In 2011 and 2012, NASA conducted a series of short drop tests on the survivability of water landings in its Orion crewed capsule by repeatedly dropping an Orion test vehicle into a large water basin. The tests simulated water landings at speeds varying from 7 to 50 mph by changing the height of the drop gantry above the basin. The range of landing velocities allowed NASA to simulate a range of possible entry and landing conditions during water landings.

In 2011 and 2012, NASA also conducted drop tests of the Orion test vehicle's parachute systems and land-based landing capabilities. In each test, the Orion spacecraft was dropped from a C-17 or C-130 cargo plane. For testing, the capsule is mounted on a pallet system and placed inside the cargo aircraft. Parachutes on the pallet are used to pull the pallet and capsule out of the rear of the aircraft; the capsule then separates from the pallet and begins its free fall descent.

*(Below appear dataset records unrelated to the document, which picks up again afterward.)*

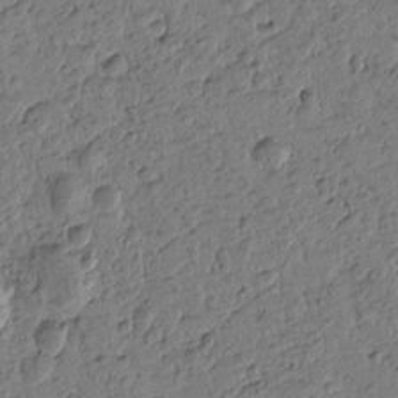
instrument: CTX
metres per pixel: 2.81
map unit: Htu
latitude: -0.8219
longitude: -175.9906
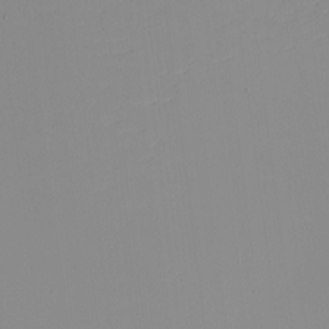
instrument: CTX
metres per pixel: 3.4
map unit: eHh
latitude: -5.8989
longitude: -86.9702
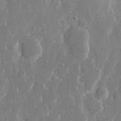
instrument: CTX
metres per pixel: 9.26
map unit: eHh
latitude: 12.6869
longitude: -71.5182
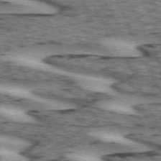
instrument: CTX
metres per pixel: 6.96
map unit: lApd
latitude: 72.5546
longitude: -54.9136
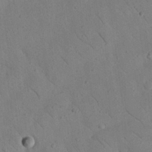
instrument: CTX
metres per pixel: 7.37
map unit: Nhu
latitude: 23.1214
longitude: -74.6113
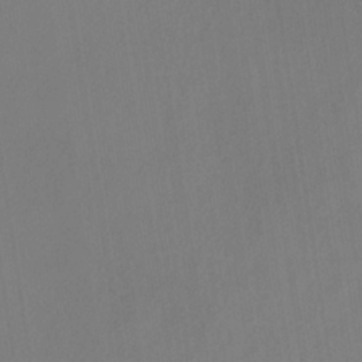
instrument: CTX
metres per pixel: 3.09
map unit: HNb
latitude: -33.1054
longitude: 56.9541
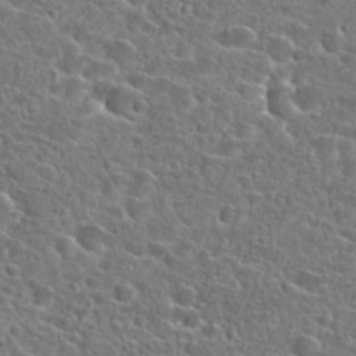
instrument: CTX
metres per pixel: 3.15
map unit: Hto
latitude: 24.8946
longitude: -46.8569
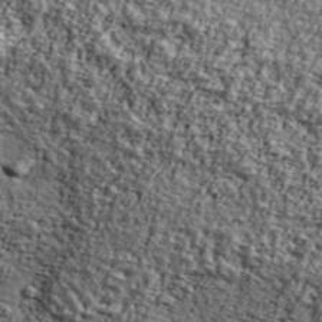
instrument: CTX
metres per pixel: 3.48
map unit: Ave
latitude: 42.6680
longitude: -111.1403
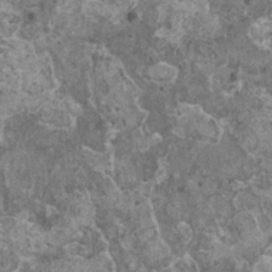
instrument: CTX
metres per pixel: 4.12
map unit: HNhu
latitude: 1.5182
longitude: 4.6896
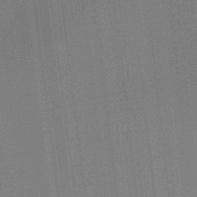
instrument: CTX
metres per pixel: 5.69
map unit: Ht
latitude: -16.1039
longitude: -47.6316
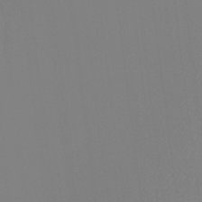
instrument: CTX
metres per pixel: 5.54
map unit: Ht
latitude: -9.1620
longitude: -34.1955
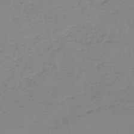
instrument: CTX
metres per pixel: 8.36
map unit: HNb
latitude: -54.8597
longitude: -47.0459
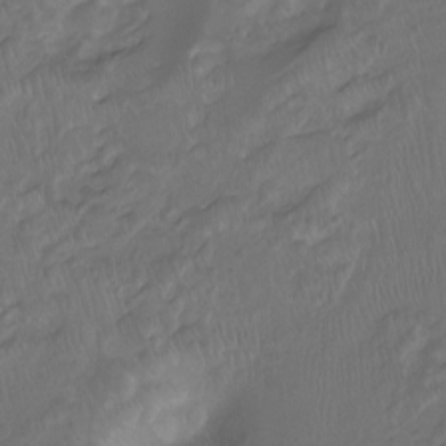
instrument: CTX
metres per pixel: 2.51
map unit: Hto
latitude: -8.2739
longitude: -40.4412
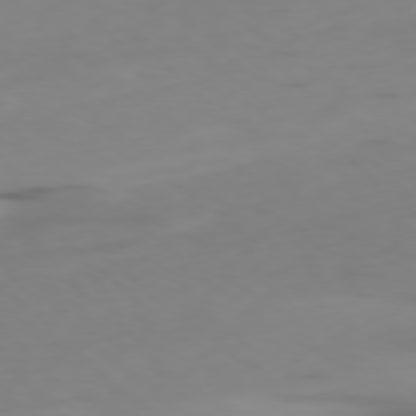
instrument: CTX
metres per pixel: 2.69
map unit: Ap
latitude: -78.2928
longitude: -64.8002
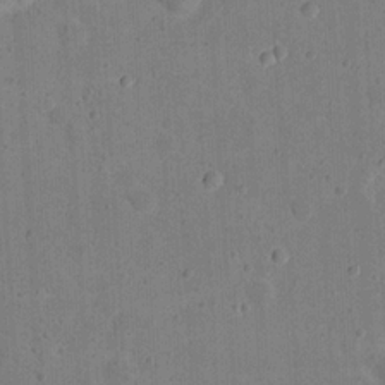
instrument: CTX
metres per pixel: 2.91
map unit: eHh
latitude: 20.6869
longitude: -62.9136
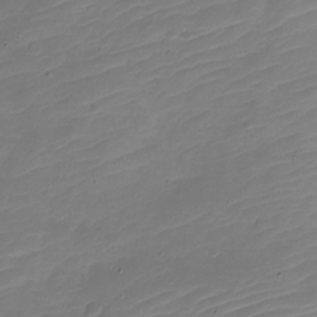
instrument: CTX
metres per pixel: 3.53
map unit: Nve
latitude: -21.4454
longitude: 106.0094
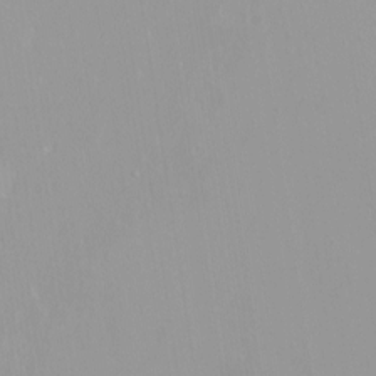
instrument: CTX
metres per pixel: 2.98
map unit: HNhu
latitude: -0.0472
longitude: -6.1956
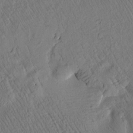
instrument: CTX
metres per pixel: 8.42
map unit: Htu
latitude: 3.1970
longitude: 178.5951
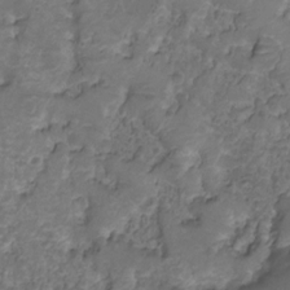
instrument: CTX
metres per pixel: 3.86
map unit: Nhu
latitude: -15.6722
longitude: -26.1956
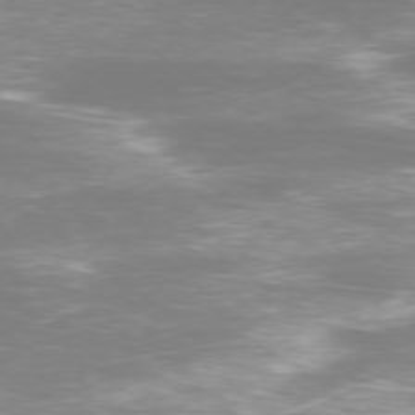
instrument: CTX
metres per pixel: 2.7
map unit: Ap
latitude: -78.4440
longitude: -93.7260
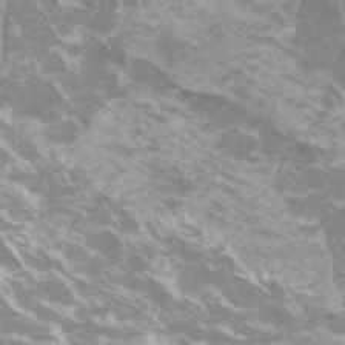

On March 4, 2012, a C-17 dropped an Orion test article from an altitude of 25,000 ft. The capsule's parachutes successfully deployed between 15,000 to 20,000 ft, slowing the spacecraft to a landing on ground in the Arizona desert. The capsule landed at a speed of 17 mph, well below the designed maximum touchdown speed.

===Boeing CST-100===
In September 2011, Boeing conducted a series of drop tests, carried out in the Mojave Desert of southeast California, to validate the design of the CST-100 capsule's parachute and airbag cushioning landing systems. The airbags are located underneath the heat shield of the CST-100, which is designed to be separated from the capsule while under parachute descent at about 5000 ft altitude. The tests were carried out at ground speeds between 10 and 30 mph in order to simulate cross wind conditions at the time of landing. Bigelow Aerospace built the mobile test rig and conducted the tests.

In April 2012, Boeing conducted another drop test of its CST-100 prototype space capsule in order to test the capsule's landing systems. The test vehicle was raised by helicopter to an altitude of 11,000 ft and then released; the capsule's three main parachutes then deployed successfully and slowed the capsule's descent. Immediately prior to landing, the capsule's six airbags inflated underneath the capsule in order to absorb some of the impact energy from landing. Similar drop tests are planned in order to conduct additional airbag testing, as well as drogue chute and heat shield jettison tests.

==Helicopter testing==
In 2009 and 2010, NASA conducted a pair of drop tests to study the survivability of helicopter crashes. Using an MD 500 helicopter donated by the U.S. Army, NASA dropped the helicopter at an angle from an altitude of 35 ft to simulate a hard helicopter landing. Sophisticated crash test dummies with simulated internal organs were located inside the helicopter and used to assess internal injuries from such a crash. Due to extensive damage to the test helicopter after the second test, no third test was planned.